Fixed issue when clickhouse-odbc-bridge process is unreachable by server on machines with dual IPv4/IPv6 stack; Fixed issue when ODBC dictionary updates are performed using malformed queries and/or cause crashes of the odbc-bridge process; Possibly closes #14489. #18278 (Denis Glazachev).
Access control: SELECT count() FROM table now can be executed if the user has access to at least single column from a table. This PR fixes #10639. #18233 (Vitaly Baranov).
Access control: SELECT JOIN now requires the SELECT privilege on each of the joined tables. This PR fixes #17654. #18232 (Vitaly Baranov).
Generate build id when ClickHouse is linked with lld. It's appeared that lld does not generate it by default on my machine. Build id is used for crash reports and introspection. #18808 (alexey-milovidov).
Add a library that replaces some libc functions to traps that will terminate the process. #16366 (alexey-milovidov).

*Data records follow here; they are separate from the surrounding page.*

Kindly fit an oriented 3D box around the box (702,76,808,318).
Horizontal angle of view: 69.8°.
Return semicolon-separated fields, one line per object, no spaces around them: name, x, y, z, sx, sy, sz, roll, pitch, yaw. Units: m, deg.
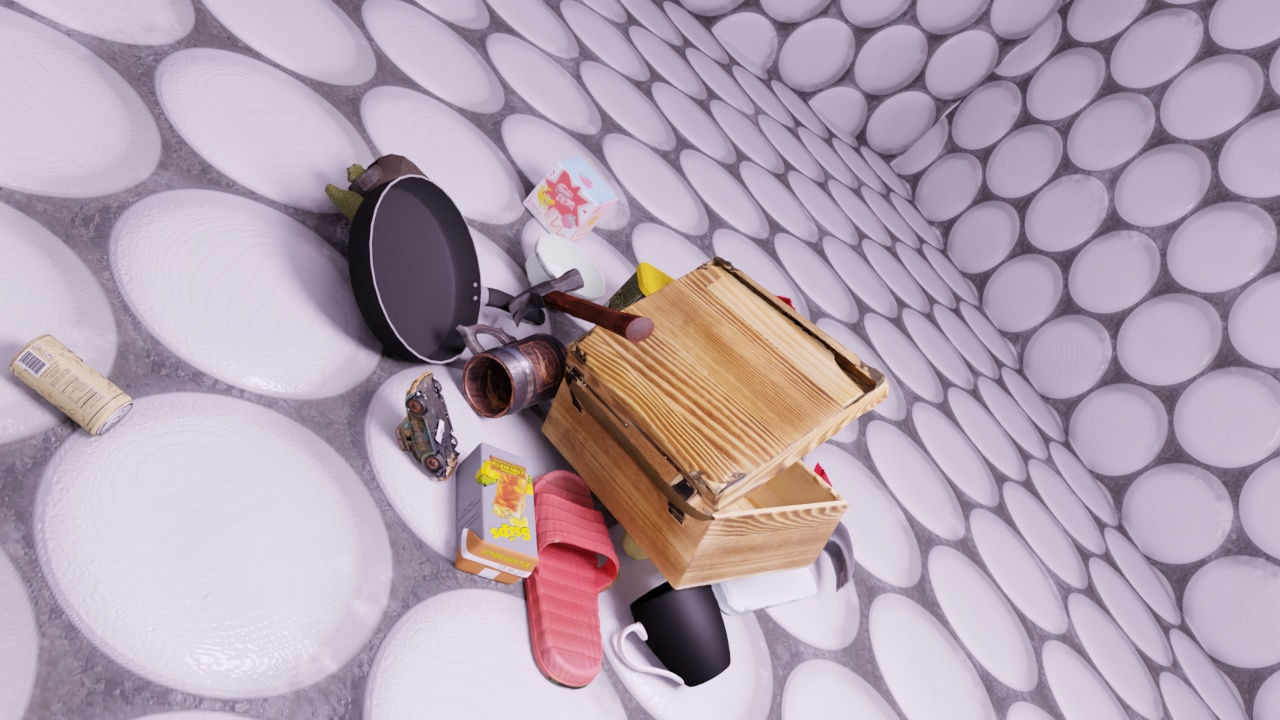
box;0.163;-0.149;1.337;0.214;0.138;0.466;49;39;-58

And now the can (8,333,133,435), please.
can;-0.432;0.019;0.699;0.079;0.038;0.038;41;29;-9

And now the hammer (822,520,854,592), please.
hammer;0.160;0.197;1.216;0.324;0.034;0.169;26;30;-26

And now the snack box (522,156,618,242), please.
snack box;-0.107;-0.244;1.403;0.093;0.095;0.079;48;29;3

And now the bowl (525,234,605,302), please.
bowl;-0.112;-0.112;1.264;0.117;0.061;0.117;33;31;-24

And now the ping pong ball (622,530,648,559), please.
ping pong ball;0.000;0.204;1.032;0.040;0.040;0.040;32;32;-23

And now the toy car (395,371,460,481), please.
toy car;-0.215;0.067;0.907;0.047;0.047;0.112;-65;148;-62

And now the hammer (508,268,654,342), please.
hammer;-0.065;-0.057;1.035;0.301;0.111;0.028;23;-44;62

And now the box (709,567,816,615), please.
box;0.134;0.231;1.186;0.208;0.038;0.190;10;48;-49

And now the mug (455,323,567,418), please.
mug;-0.150;0.002;1.047;0.116;0.080;0.107;58;31;6

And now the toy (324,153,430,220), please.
toy;-0.292;-0.171;1.084;0.179;0.078;0.152;43;31;-35

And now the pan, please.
pan;-0.212;-0.084;1.065;0.355;0.044;0.204;23;63;-66

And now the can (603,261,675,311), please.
can;0.021;-0.065;1.337;0.130;0.101;0.072;29;33;-28

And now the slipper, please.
slipper;-0.068;0.203;0.928;0.103;0.059;0.248;29;34;-29

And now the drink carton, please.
drink carton;-0.143;0.150;0.904;0.076;0.049;0.124;26;34;-32

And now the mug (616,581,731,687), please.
mug;0.034;0.288;0.947;0.118;0.085;0.100;-25;83;-29

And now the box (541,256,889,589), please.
box;0.072;0.053;0.998;0.269;0.265;0.279;1;33;-42
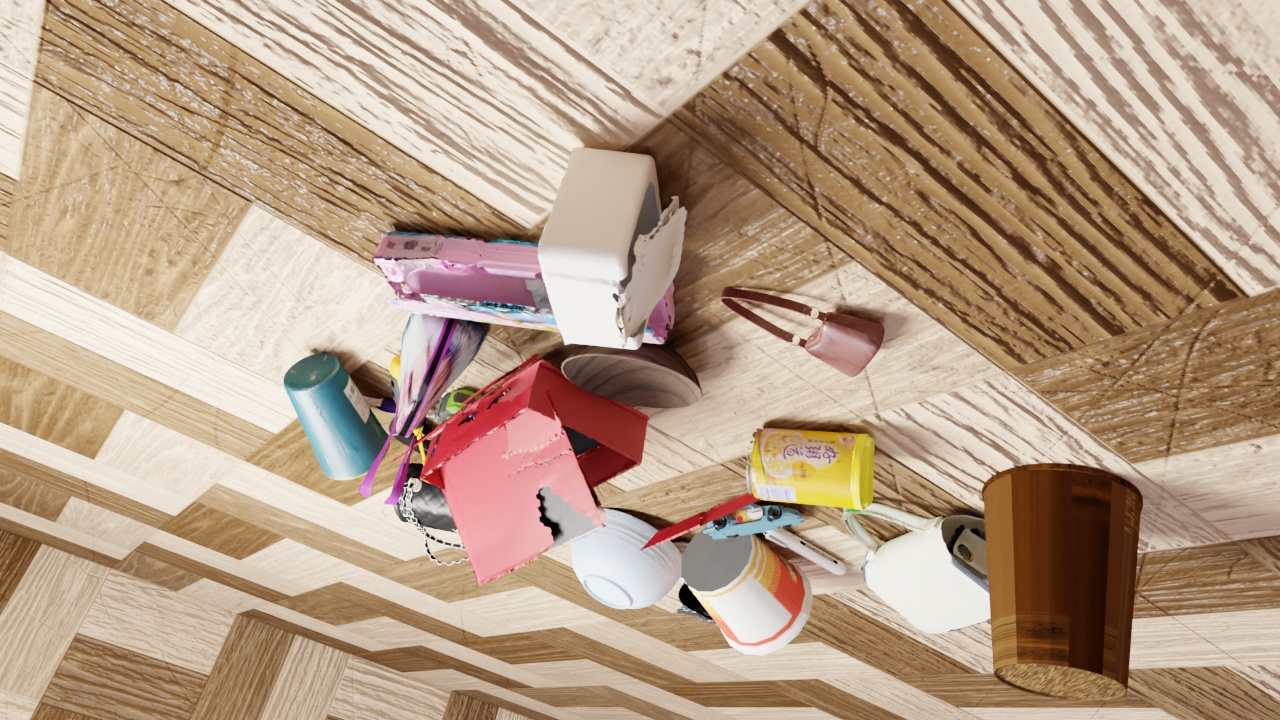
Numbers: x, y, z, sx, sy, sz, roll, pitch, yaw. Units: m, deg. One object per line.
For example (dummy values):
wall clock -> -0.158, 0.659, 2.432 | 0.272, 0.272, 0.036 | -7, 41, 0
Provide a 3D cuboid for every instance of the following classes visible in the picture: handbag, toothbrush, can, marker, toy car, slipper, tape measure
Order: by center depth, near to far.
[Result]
handbag -> 0.115, -0.027, 0.679 | 0.119, 0.029, 0.055 | 22, 148, -1
handbag -> -0.197, 0.043, 0.794 | 0.068, 0.169, 0.145 | 23, 150, -13
can -> 0.154, 0.096, 0.824 | 0.105, 0.067, 0.068 | 2, 148, 23
tape measure -> -0.174, 0.058, 0.944 | 0.065, 0.035, 0.059 | 27, 148, -18
handbag -> 0.288, 0.193, 0.945 | 0.176, 0.073, 0.152 | 37, 148, 0
toothbrush -> -0.237, 0.061, 0.965 | 0.031, 0.031, 0.197 | -7, 141, -8
toothbrush -> -0.275, 0.049, 0.998 | 0.187, 0.015, 0.016 | 12, 150, 7
toy car -> 0.123, 0.170, 1.002 | 0.108, 0.027, 0.060 | -14, 154, 18
can -> -0.245, 0.090, 1.036 | 0.032, 0.031, 0.080 | -9, 142, 36
marker -> 0.192, 0.222, 1.067 | 0.133, 0.020, 0.017 | 32, 145, -27
handbag -> -0.217, 0.183, 1.086 | 0.154, 0.114, 0.125 | 10, 162, 16
slipper -> 0.096, 0.319, 1.240 | 0.111, 0.063, 0.264 | -7, 141, 34

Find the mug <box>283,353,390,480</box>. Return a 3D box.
mug -> -0.318, 0.056, 0.955 | 0.078, 0.078, 0.121 | 4, 132, 20

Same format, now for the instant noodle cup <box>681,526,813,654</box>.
instant noodle cup -> 0.119, 0.260, 1.079 | 0.124, 0.123, 0.121 | -10, 134, 37

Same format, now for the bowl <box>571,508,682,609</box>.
bowl -> -0.027, 0.260, 1.146 | 0.151, 0.074, 0.151 | 20, 143, 16

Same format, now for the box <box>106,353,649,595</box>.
box -> -0.205, 0.092, 0.788 | 0.424, 0.128, 0.213 | -3, 159, -44

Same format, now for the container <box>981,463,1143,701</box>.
container -> 0.361, 0.194, 0.792 | 0.132, 0.167, 0.132 | 12, 150, 7

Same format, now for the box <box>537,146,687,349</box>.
box -> 0.000, -0.066, 0.587 | 0.102, 0.102, 0.108 | 6, 148, 13

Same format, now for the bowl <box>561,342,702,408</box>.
bowl -> -0.004, 0.005, 0.767 | 0.119, 0.032, 0.119 | 11, 160, 4

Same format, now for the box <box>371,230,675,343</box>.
box -> -0.091, -0.045, 0.703 | 0.230, 0.063, 0.085 | 7, 150, 14
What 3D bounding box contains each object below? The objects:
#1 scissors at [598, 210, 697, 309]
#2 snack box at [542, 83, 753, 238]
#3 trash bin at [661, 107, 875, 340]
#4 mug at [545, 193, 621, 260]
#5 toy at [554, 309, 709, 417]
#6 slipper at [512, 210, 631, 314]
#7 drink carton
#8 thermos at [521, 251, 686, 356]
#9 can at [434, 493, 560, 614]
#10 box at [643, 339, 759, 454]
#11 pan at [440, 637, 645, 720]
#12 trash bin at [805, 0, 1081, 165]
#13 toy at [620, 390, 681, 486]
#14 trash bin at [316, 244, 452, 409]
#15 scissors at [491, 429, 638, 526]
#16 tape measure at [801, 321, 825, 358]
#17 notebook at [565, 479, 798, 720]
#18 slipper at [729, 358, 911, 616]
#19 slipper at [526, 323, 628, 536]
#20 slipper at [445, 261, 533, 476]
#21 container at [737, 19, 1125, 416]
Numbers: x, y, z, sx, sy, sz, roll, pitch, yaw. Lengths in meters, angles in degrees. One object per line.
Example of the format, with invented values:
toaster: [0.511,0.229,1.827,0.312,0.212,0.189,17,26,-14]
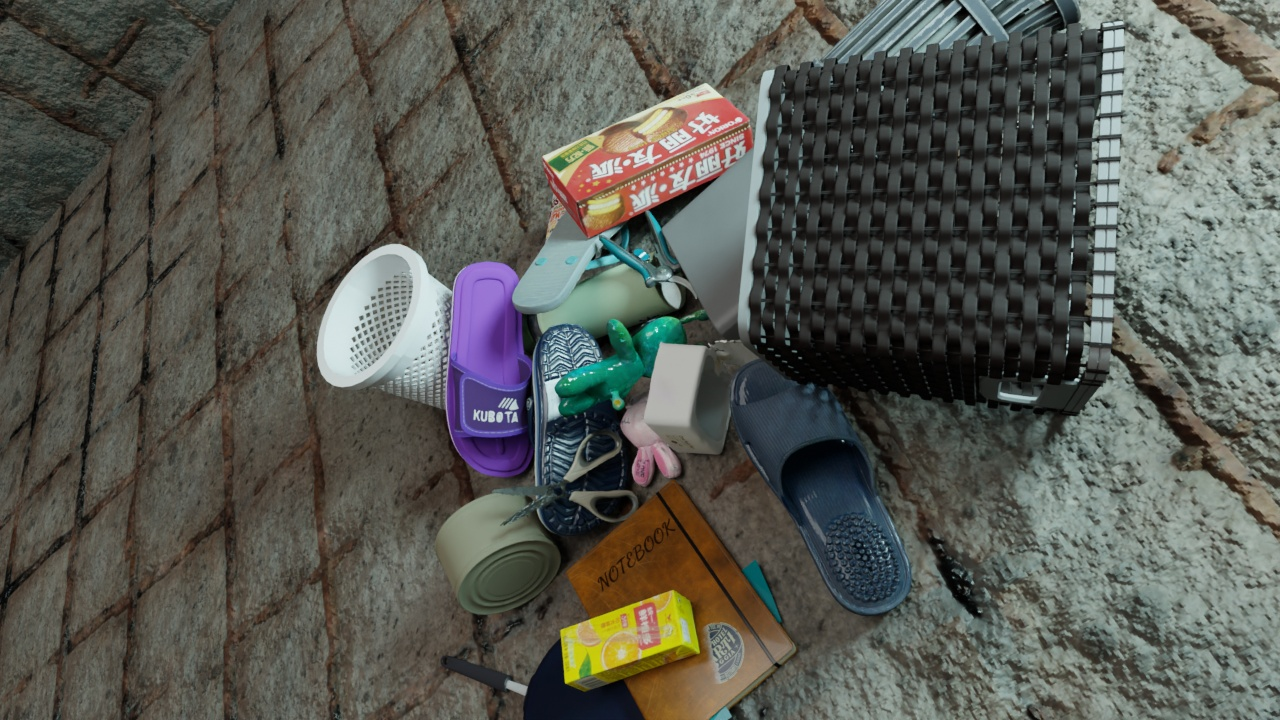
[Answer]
scissors: [0.012,-0.120,1.051,0.156,0.019,0.124,15,61,18]
snack box: [0.010,-0.247,1.123,0.236,0.060,0.113,-27,48,-9]
trash bin: [0.156,-0.143,0.995,0.220,0.097,0.191,-40,49,18]
mug: [-0.071,-0.180,1.222,0.105,0.073,0.089,1,67,11]
toy: [-0.006,0.006,1.008,0.193,0.131,0.072,-30,60,-19]
slipper: [-0.071,-0.137,1.129,0.098,0.055,0.267,9,47,32]
drink carton: [-0.012,0.277,0.908,0.135,0.043,0.058,-24,51,19]
thermos: [-0.060,-0.062,1.142,0.232,0.082,0.082,-17,58,31]
can: [-0.162,0.221,1.047,0.128,0.127,0.073,-46,49,11]
box: [0.094,0.030,0.959,0.137,0.108,0.128,4,68,26]
pan: [-0.109,0.369,1.004,0.357,0.021,0.198,2,70,40]
trash bin: [0.292,-0.320,0.934,0.228,0.164,0.164,-42,48,20]
toy: [0.011,0.084,1.032,0.064,0.047,0.110,-20,70,22]
trash bin: [-0.284,-0.021,1.219,0.196,0.199,0.195,-18,58,32]
scissors: [-0.073,0.134,1.003,0.162,0.158,0.013,-67,13,-20]
tape measure: [0.179,-0.035,0.937,0.072,0.071,0.042,-42,50,6]
notebook: [0.042,0.252,0.929,0.178,0.014,0.249,-42,48,4]
slipper: [0.166,0.100,0.832,0.101,0.082,0.263,-23,67,-5]
slipper: [-0.080,0.083,1.080,0.095,0.105,0.252,137,132,-62]
slipper: [-0.178,0.013,1.110,0.084,0.107,0.266,-175,83,-71]
container: [0.231,-0.097,0.737,0.244,0.247,0.245,3,81,21]
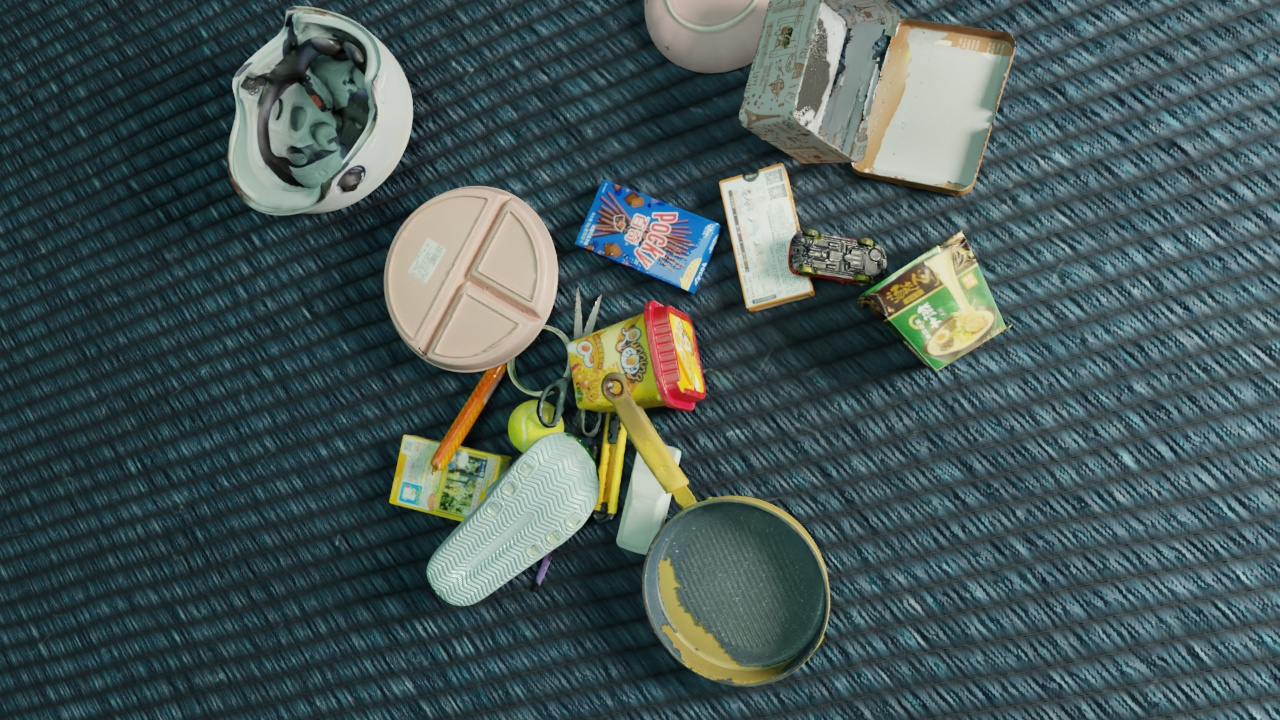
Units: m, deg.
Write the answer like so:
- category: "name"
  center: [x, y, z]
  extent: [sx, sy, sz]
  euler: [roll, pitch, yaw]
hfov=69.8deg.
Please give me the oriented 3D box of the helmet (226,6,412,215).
- category: "helmet"
  center: [-0.390, -0.297, 1.163]
  extent: [0.229, 0.145, 0.259]
  euler: [39, 105, 21]

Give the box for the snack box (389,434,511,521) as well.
- category: "snack box"
  center: [-0.231, 0.145, 1.112]
  extent: [0.140, 0.033, 0.087]
  euler: [9, 86, 21]

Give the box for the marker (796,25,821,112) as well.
- category: "marker"
  center: [0.188, -0.322, 1.031]
  extent: [0.017, 0.017, 0.145]
  euler: [7, 85, 20]

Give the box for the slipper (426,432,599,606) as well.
- category: "slipper"
  center: [-0.142, 0.182, 1.046]
  extent: [0.246, 0.074, 0.104]
  euler: [-44, 96, 10]

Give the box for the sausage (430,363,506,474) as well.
- category: "sausage"
  center: [-0.205, 0.065, 1.098]
  extent: [0.021, 0.021, 0.165]
  euler: [25, 74, 20]

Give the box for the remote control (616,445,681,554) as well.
- category: "remote control"
  center: [0.008, 0.154, 1.031]
  extent: [0.049, 0.024, 0.125]
  euler: [12, 87, 20]

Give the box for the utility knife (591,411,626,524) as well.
- category: "utility knife"
  center: [-0.031, 0.079, 1.059]
  extent: [0.033, 0.015, 0.223]
  euler: [5, 84, 17]

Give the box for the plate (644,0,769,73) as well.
- category: "plate"
  center: [0.091, -0.433, 1.067]
  extent: [0.193, 0.039, 0.192]
  euler: [-3, 82, 19]

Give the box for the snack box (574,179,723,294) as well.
- category: "snack box"
  center: [0.008, -0.144, 1.067]
  extent: [0.157, 0.026, 0.084]
  euler: [24, 91, 20]

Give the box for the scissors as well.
- category: "scissors"
  center: [-0.075, 0.006, 1.056]
  extent: [0.014, 0.163, 0.164]
  euler: [-7, 111, 51]

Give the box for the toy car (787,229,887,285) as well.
- category: "toy car"
  center: [0.210, -0.108, 0.980]
  extent: [0.106, 0.031, 0.049]
  euler: [7, 81, -5]

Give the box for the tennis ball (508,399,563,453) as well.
- category: "tennis ball"
  center: [-0.121, 0.078, 1.063]
  extent: [0.065, 0.065, 0.065]
  euler: [-3, 82, 19]

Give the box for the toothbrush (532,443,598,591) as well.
- category: "toothbrush"
  center: [-0.087, 0.184, 1.069]
  extent: [0.014, 0.016, 0.189]
  euler: [25, 95, 32]

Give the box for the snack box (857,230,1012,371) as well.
- category: "snack box"
  center: [0.294, -0.051, 0.917]
  extent: [0.118, 0.118, 0.105]
  euler: [-33, 84, 12]

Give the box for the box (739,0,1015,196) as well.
- category: "box"
  center: [0.244, -0.291, 0.970]
  extent: [0.269, 0.136, 0.179]
  euler: [17, 88, -10]

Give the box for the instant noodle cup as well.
- category: "instant noodle cup"
  center: [-0.006, 0.006, 1.006]
  extent: [0.124, 0.116, 0.116]
  euler: [-14, 79, 19]

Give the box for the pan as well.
- category: "pan"
  center: [0.058, 0.169, 0.951]
  extent: [0.198, 0.078, 0.357]
  euler: [-29, 85, 18]

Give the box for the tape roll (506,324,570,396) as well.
- category: "tape roll"
  center: [-0.119, 0.000, 1.100]
  extent: [0.086, 0.014, 0.085]
  euler: [-3, 82, 19]

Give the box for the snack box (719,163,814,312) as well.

Provide diagnostics in server logs in case of stack overflow, send error message to clickhouse-client. This closes #14840. #16346 (alexey-milovidov).
Now we can run almost all stateless functional tests in parallel. #15236 (alesapin).
Fix corruption in librdkafka snappy decompression (was a problem only for gcc10 builds, but official builds uses clang already, so at least recent official releases are not affected). #18053 (Azat Khuzhin).